Although steam engines had been in existence for some time, it was James Watt who made a breakthrough in the process and the age of steam truly got underway.

In the 1700s, steam was used to remove water from the mines, although this was a far cry from the powerful steam-powered engines which developed later.

The first steam pump was invented by Thomas Savery in 1698 and his vacuum pump replaced animal labour which had been used to draw water from the mines up until that time.

Steam power is based on the principle that the condensation of water vapour creates a vacuum. Although it was more efficient than animal power, the vacuum pump could only lift water from depths of around 80 feet and secondly, boiler explosions were not uncommon. This first steam engines required vast quantities of steam as they cooled at every stroke.

Thomas Newcomen worked on Savery's patent to improve the original idea by using atmospheric pressure. However they were still inferior to James Watt's invention.

In 1765, Watt went on to invent a separate condenser when he was just 29. Financed by Matthew Boulton, it took another 11 years before Watt's idea was implemented.

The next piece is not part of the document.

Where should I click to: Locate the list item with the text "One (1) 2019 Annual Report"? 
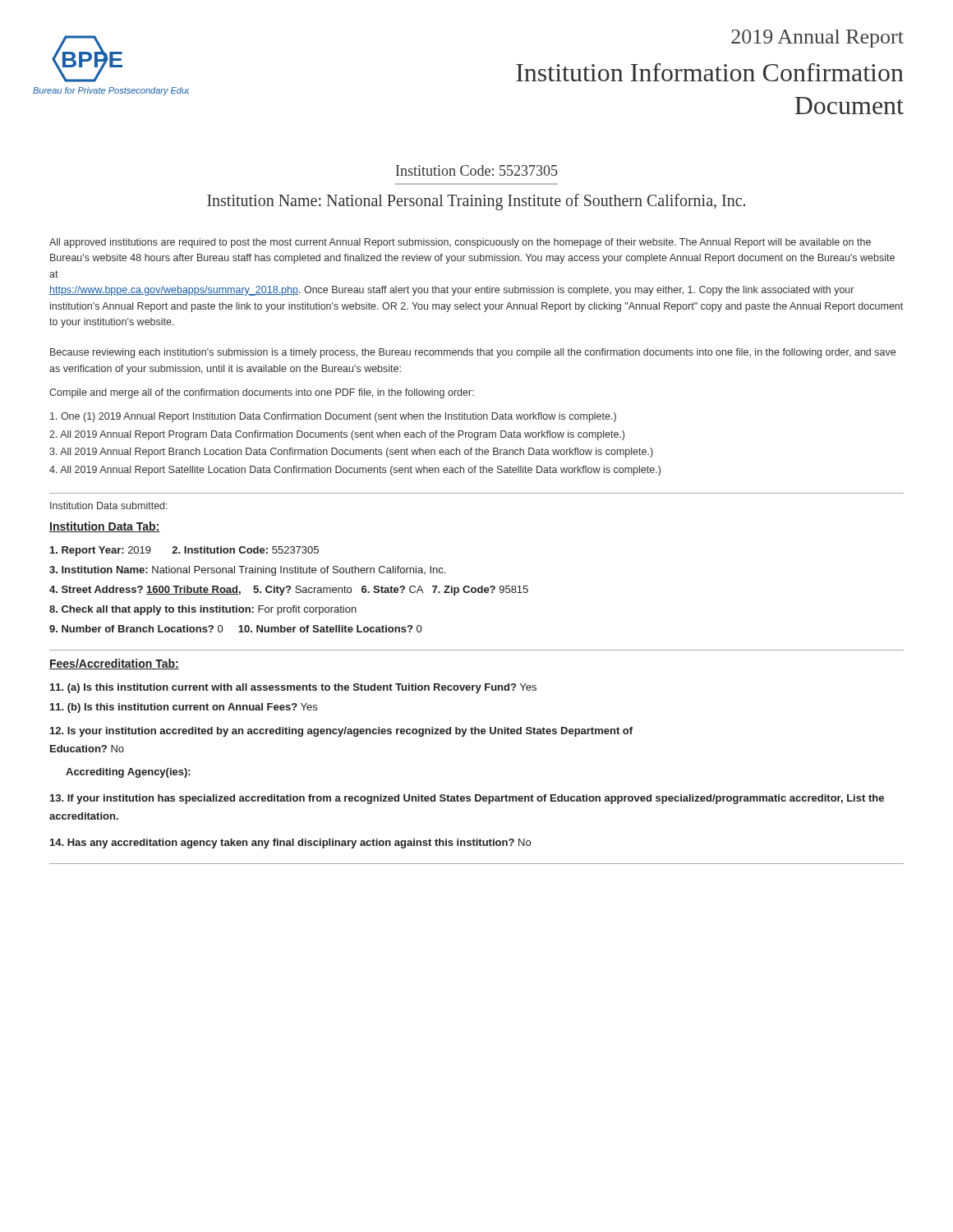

Watt's engine operated on the principle of the steam piston being pulled down by the vacuum. His design also allowed the steam cylinder to retain its heat throughout the cycle making it more efficient, unlike its forerunners. Valves allowed the steam to be sucked into a separate condenser and then pumped along with the air pump.

Soon this new engine technology was applied to other uses beyond just pumping the mines. By 1800 Boulton and Watt engines were used in 84 cotton mills and factories which were rapidly developing during the Industrial Revolution.

Watt then devised a mechanism for the piston to work up and down while the parallel motion beam worked in an arc. Steam was used to propel the piston by pushing it, rather than the old methods which used the vacuum to pull it.

Finally a speed control was developed, connected to the throttle valve. Watt eventually retired in 1800 and died in 1819, satisfied with his life's achievements.

For steam engine enthusiasts, restored steam engines are now an interesting part of the exhibits on display at Bressingham Steam and Gardens, the Colne Valley Railway and Museum at Castle Hedingham and the Kew Bridge Steam Museum in Brentford.